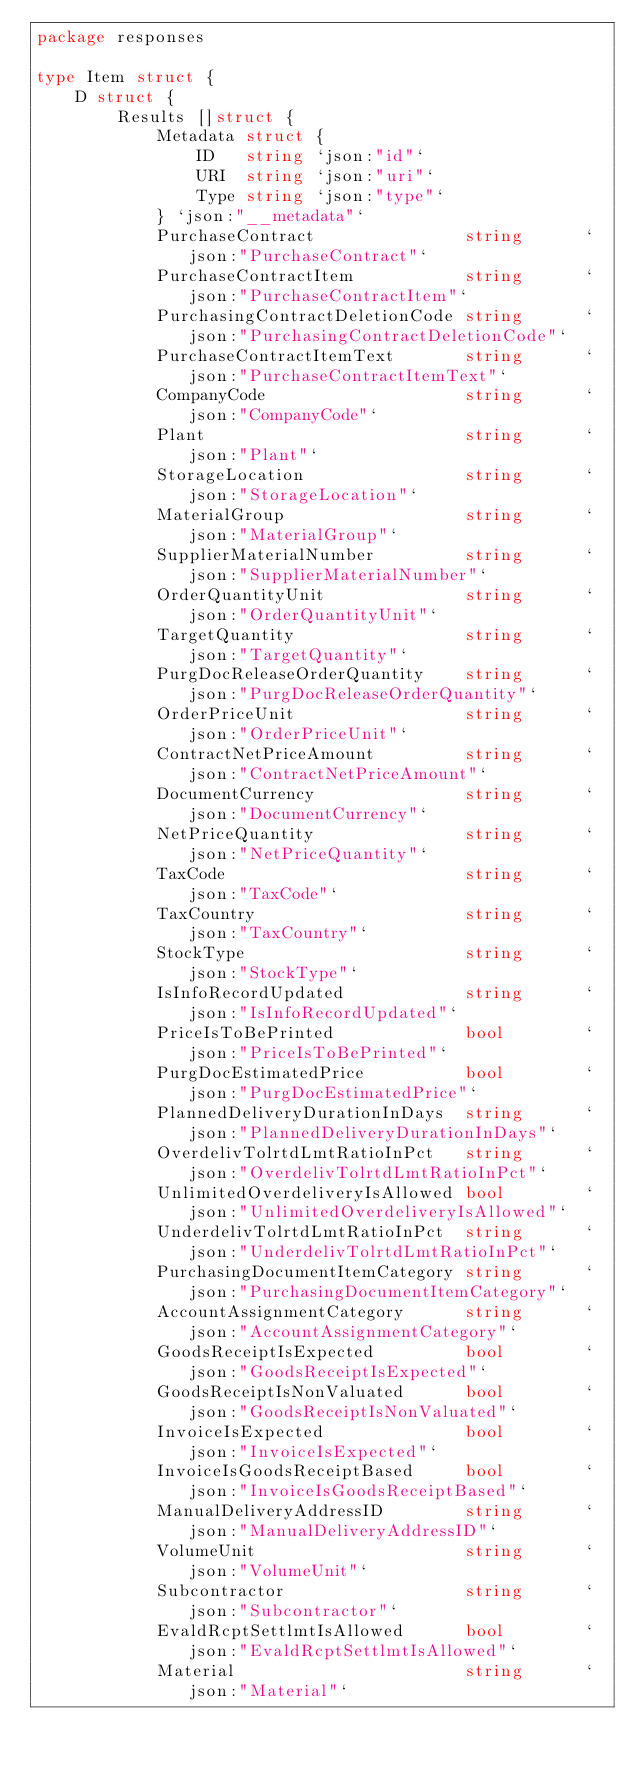<code> <loc_0><loc_0><loc_500><loc_500><_Go_>package responses

type Item struct {
	D struct {
		Results []struct {
			Metadata struct {
				ID   string `json:"id"`
				URI  string `json:"uri"`
				Type string `json:"type"`
			} `json:"__metadata"`
			PurchaseContract               string      `json:"PurchaseContract"`
			PurchaseContractItem           string      `json:"PurchaseContractItem"`
			PurchasingContractDeletionCode string      `json:"PurchasingContractDeletionCode"`
			PurchaseContractItemText       string      `json:"PurchaseContractItemText"`
			CompanyCode                    string      `json:"CompanyCode"`
			Plant                          string      `json:"Plant"`
			StorageLocation                string      `json:"StorageLocation"`
			MaterialGroup                  string      `json:"MaterialGroup"`
			SupplierMaterialNumber         string      `json:"SupplierMaterialNumber"`
			OrderQuantityUnit              string      `json:"OrderQuantityUnit"`
			TargetQuantity                 string      `json:"TargetQuantity"`
			PurgDocReleaseOrderQuantity    string      `json:"PurgDocReleaseOrderQuantity"`
			OrderPriceUnit                 string      `json:"OrderPriceUnit"`
			ContractNetPriceAmount         string      `json:"ContractNetPriceAmount"`
			DocumentCurrency               string      `json:"DocumentCurrency"`
			NetPriceQuantity               string      `json:"NetPriceQuantity"`
			TaxCode                        string      `json:"TaxCode"`
			TaxCountry                     string      `json:"TaxCountry"`
			StockType                      string      `json:"StockType"`
			IsInfoRecordUpdated            string      `json:"IsInfoRecordUpdated"`
			PriceIsToBePrinted             bool        `json:"PriceIsToBePrinted"`
			PurgDocEstimatedPrice          bool        `json:"PurgDocEstimatedPrice"`
			PlannedDeliveryDurationInDays  string      `json:"PlannedDeliveryDurationInDays"`
			OverdelivTolrtdLmtRatioInPct   string      `json:"OverdelivTolrtdLmtRatioInPct"`
			UnlimitedOverdeliveryIsAllowed bool        `json:"UnlimitedOverdeliveryIsAllowed"`
			UnderdelivTolrtdLmtRatioInPct  string      `json:"UnderdelivTolrtdLmtRatioInPct"`
			PurchasingDocumentItemCategory string      `json:"PurchasingDocumentItemCategory"`
			AccountAssignmentCategory      string      `json:"AccountAssignmentCategory"`
			GoodsReceiptIsExpected         bool        `json:"GoodsReceiptIsExpected"`
			GoodsReceiptIsNonValuated      bool        `json:"GoodsReceiptIsNonValuated"`
			InvoiceIsExpected              bool        `json:"InvoiceIsExpected"`
			InvoiceIsGoodsReceiptBased     bool        `json:"InvoiceIsGoodsReceiptBased"`
			ManualDeliveryAddressID        string      `json:"ManualDeliveryAddressID"`
			VolumeUnit                     string      `json:"VolumeUnit"`
			Subcontractor                  string      `json:"Subcontractor"`
			EvaldRcptSettlmtIsAllowed      bool        `json:"EvaldRcptSettlmtIsAllowed"`
			Material                       string      `json:"Material"`</code> 
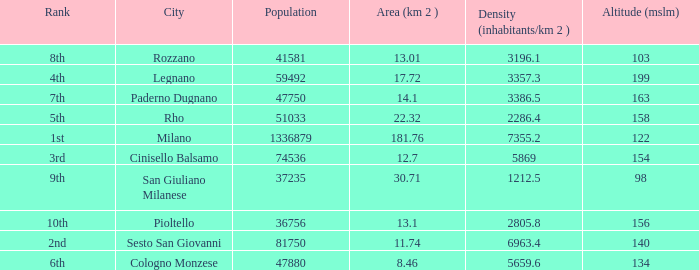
====
> _PROMPT_:
Type out the entries again without a single change, and leave the pictures out.

> _ANSWER AREA_:
<code> <loc_0><loc_0><loc_500><loc_500><_Go_>package responses

type Item struct {
	D struct {
		Results []struct {
			Metadata struct {
				ID   string `json:"id"`
				URI  string `json:"uri"`
				Type string `json:"type"`
			} `json:"__metadata"`
			PurchaseContract               string      `json:"PurchaseContract"`
			PurchaseContractItem           string      `json:"PurchaseContractItem"`
			PurchasingContractDeletionCode string      `json:"PurchasingContractDeletionCode"`
			PurchaseContractItemText       string      `json:"PurchaseContractItemText"`
			CompanyCode                    string      `json:"CompanyCode"`
			Plant                          string      `json:"Plant"`
			StorageLocation                string      `json:"StorageLocation"`
			MaterialGroup                  string      `json:"MaterialGroup"`
			SupplierMaterialNumber         string      `json:"SupplierMaterialNumber"`
			OrderQuantityUnit              string      `json:"OrderQuantityUnit"`
			TargetQuantity                 string      `json:"TargetQuantity"`
			PurgDocReleaseOrderQuantity    string      `json:"PurgDocReleaseOrderQuantity"`
			OrderPriceUnit                 string      `json:"OrderPriceUnit"`
			ContractNetPriceAmount         string      `json:"ContractNetPriceAmount"`
			DocumentCurrency               string      `json:"DocumentCurrency"`
			NetPriceQuantity               string      `json:"NetPriceQuantity"`
			TaxCode                        string      `json:"TaxCode"`
			TaxCountry                     string      `json:"TaxCountry"`
			StockType                      string      `json:"StockType"`
			IsInfoRecordUpdated            string      `json:"IsInfoRecordUpdated"`
			PriceIsToBePrinted             bool        `json:"PriceIsToBePrinted"`
			PurgDocEstimatedPrice          bool        `json:"PurgDocEstimatedPrice"`
			PlannedDeliveryDurationInDays  string      `json:"PlannedDeliveryDurationInDays"`
			OverdelivTolrtdLmtRatioInPct   string      `json:"OverdelivTolrtdLmtRatioInPct"`
			UnlimitedOverdeliveryIsAllowed bool        `json:"UnlimitedOverdeliveryIsAllowed"`
			UnderdelivTolrtdLmtRatioInPct  string      `json:"UnderdelivTolrtdLmtRatioInPct"`
			PurchasingDocumentItemCategory string      `json:"PurchasingDocumentItemCategory"`
			AccountAssignmentCategory      string      `json:"AccountAssignmentCategory"`
			GoodsReceiptIsExpected         bool        `json:"GoodsReceiptIsExpected"`
			GoodsReceiptIsNonValuated      bool        `json:"GoodsReceiptIsNonValuated"`
			InvoiceIsExpected              bool        `json:"InvoiceIsExpected"`
			InvoiceIsGoodsReceiptBased     bool        `json:"InvoiceIsGoodsReceiptBased"`
			ManualDeliveryAddressID        string      `json:"ManualDeliveryAddressID"`
			VolumeUnit                     string      `json:"VolumeUnit"`
			Subcontractor                  string      `json:"Subcontractor"`
			EvaldRcptSettlmtIsAllowed      bool        `json:"EvaldRcptSettlmtIsAllowed"`
			Material                       string      `json:"Material"`</code> 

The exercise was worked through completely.